Start of Data for analysis

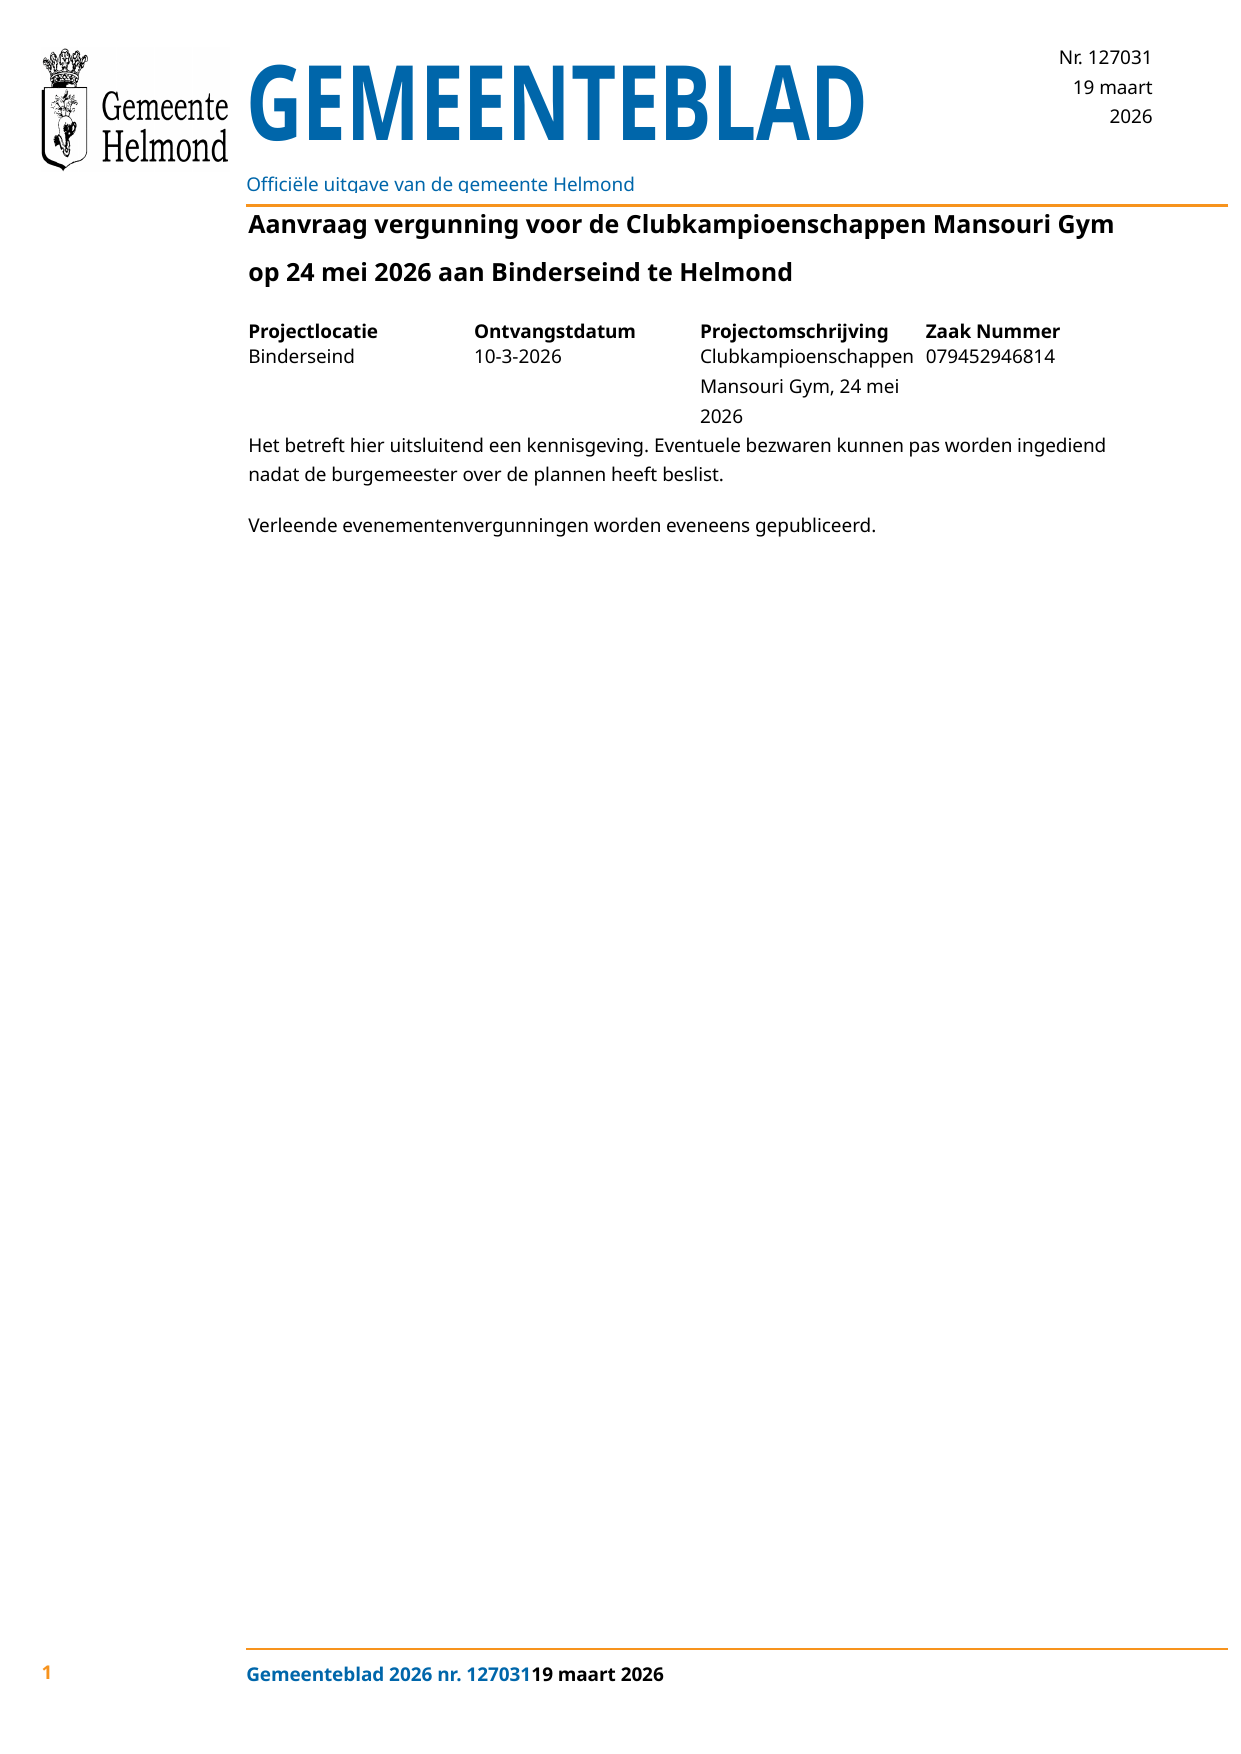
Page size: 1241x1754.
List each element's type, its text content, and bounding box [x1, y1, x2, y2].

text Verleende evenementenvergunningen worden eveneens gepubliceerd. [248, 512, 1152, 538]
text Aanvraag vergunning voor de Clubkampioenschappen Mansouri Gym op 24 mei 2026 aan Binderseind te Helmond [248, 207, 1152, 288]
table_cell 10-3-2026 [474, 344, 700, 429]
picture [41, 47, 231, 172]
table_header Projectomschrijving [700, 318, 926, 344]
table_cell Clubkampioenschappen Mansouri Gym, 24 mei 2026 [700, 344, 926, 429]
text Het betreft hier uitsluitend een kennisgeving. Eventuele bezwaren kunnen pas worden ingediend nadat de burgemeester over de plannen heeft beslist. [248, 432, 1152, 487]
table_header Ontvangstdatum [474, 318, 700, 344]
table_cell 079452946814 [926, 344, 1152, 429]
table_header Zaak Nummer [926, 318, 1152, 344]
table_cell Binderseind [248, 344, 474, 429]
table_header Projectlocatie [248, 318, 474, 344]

End of Data for analysis

### Task brief
Look above for the line with "picture [41, 47, 231, 172]" and the line with "table_cell Binderseind [248, 344, 474, 429]". Write out those two lines and all the lines between them, exactly, and no others.

### Answer for this exercise
picture [41, 47, 231, 172]
table_header Projectomschrijving [700, 318, 926, 344]
table_cell Clubkampioenschappen Mansouri Gym, 24 mei 2026 [700, 344, 926, 429]
text Het betreft hier uitsluitend een kennisgeving. Eventuele bezwaren kunnen pas worden ingediend nadat de burgemeester over de plannen heeft beslist. [248, 432, 1152, 487]
table_header Ontvangstdatum [474, 318, 700, 344]
table_cell 079452946814 [926, 344, 1152, 429]
table_header Zaak Nummer [926, 318, 1152, 344]
table_cell Binderseind [248, 344, 474, 429]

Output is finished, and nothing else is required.